### YOUR ASSIGNMENT
Make an exact copy of all the entries, with the pictures left out.

### EXERCISE DATA
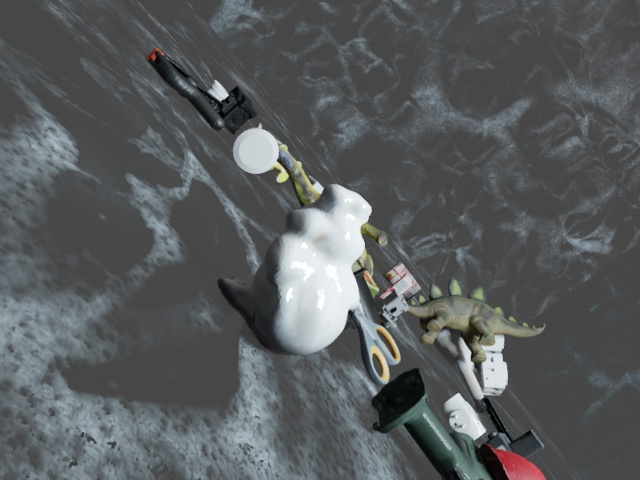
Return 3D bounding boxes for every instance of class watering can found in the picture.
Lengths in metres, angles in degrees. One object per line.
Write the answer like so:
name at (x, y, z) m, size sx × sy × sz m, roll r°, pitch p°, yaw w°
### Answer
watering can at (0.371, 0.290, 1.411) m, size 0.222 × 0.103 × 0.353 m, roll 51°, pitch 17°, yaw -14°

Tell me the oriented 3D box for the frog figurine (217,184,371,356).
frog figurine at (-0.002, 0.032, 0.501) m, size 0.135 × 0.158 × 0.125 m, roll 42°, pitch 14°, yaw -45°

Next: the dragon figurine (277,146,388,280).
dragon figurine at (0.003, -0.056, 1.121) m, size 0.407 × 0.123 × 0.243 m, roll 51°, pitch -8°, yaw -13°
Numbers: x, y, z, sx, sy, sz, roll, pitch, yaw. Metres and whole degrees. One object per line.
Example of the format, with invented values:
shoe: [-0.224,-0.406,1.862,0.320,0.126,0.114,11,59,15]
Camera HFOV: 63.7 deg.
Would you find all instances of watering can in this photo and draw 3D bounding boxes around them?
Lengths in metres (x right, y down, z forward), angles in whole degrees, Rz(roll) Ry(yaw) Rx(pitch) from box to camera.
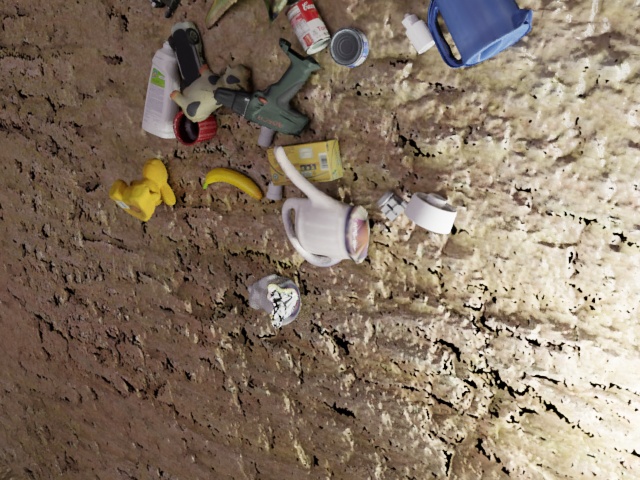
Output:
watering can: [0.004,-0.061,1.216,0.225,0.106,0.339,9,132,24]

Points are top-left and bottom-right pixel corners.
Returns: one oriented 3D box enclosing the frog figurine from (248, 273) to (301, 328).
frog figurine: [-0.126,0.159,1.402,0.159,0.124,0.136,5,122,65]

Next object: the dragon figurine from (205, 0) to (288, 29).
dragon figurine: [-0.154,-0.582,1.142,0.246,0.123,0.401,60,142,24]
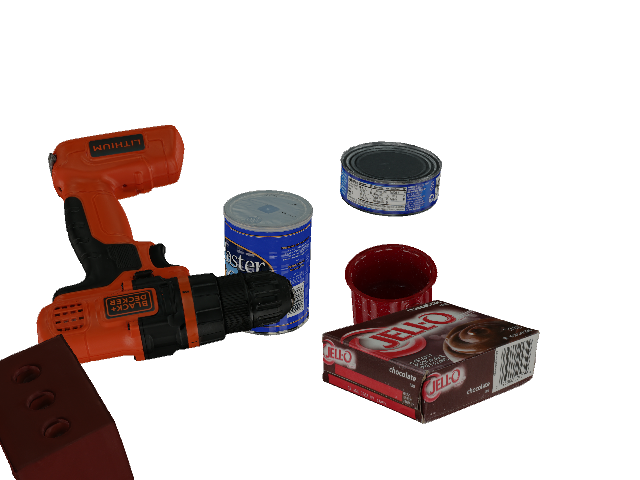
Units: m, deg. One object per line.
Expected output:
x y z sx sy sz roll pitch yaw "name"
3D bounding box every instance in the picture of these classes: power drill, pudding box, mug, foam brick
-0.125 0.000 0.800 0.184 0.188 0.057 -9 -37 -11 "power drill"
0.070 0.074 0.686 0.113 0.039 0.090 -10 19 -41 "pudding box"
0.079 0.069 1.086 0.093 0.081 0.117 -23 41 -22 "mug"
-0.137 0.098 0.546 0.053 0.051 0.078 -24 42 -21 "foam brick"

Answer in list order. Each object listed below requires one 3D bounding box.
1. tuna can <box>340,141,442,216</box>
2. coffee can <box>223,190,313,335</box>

### SOLUTION TO THE EXERCISE
Return 3D bounding boxes for every instance of class watering can found in the picture.
Lengths in metres, angles in degrees. One object per line.
Write the answer like so:
name at (x, y, z) m, size sx × sy × sz m, roll r°, pitch p°, yaw w°
### Answer
watering can at (0.371, 0.290, 1.411) m, size 0.222 × 0.103 × 0.353 m, roll 51°, pitch 17°, yaw -14°

Tell me the oriented 3D box for the frog figurine (217,184,371,356).
frog figurine at (-0.002, 0.032, 0.501) m, size 0.135 × 0.158 × 0.125 m, roll 42°, pitch 14°, yaw -45°

Next: the dragon figurine (277,146,388,280).
dragon figurine at (0.003, -0.056, 1.121) m, size 0.407 × 0.123 × 0.243 m, roll 51°, pitch -8°, yaw -13°
Numbers: x, y, z, sx, sy, sz, roll, pitch, yaw. Metres and whole degrees. One object per line.
Example of the format, with invented values:
shoe: [-0.224,-0.406,1.862,0.320,0.126,0.114,11,59,15]
Camera HFOV: 63.7 deg.
Would you find all instances of watering can in this photo and draw 3D bounding boxes around them?
Lengths in metres (x right, y down, z forward), angles in whole degrees, Rz(roll) Ry(yaw) Rx(pitch) from box to camera.
Output:
watering can: [0.004,-0.061,1.216,0.225,0.106,0.339,9,132,24]

Points are top-left and bottom-right pixel corners.
Returns: one oriented 3D box enclosing the frog figurine from (248, 273) to (301, 328).
frog figurine: [-0.126,0.159,1.402,0.159,0.124,0.136,5,122,65]

Next object: the dragon figurine from (205, 0) to (288, 29).
dragon figurine: [-0.154,-0.582,1.142,0.246,0.123,0.401,60,142,24]
Units: m, deg. One object per line.
Expected output:
x y z sx sy sz roll pitch yaw "name"
3D bounding box every instance in the picture of these classes: power drill, pudding box, mug, foam brick
-0.125 0.000 0.800 0.184 0.188 0.057 -9 -37 -11 "power drill"
0.070 0.074 0.686 0.113 0.039 0.090 -10 19 -41 "pudding box"
0.079 0.069 1.086 0.093 0.081 0.117 -23 41 -22 "mug"
-0.137 0.098 0.546 0.053 0.051 0.078 -24 42 -21 "foam brick"

Answer in list order. Each object listed below requires one 3D bounding box.
1. tuna can <box>340,141,442,216</box>
2. coffee can <box>223,190,313,335</box>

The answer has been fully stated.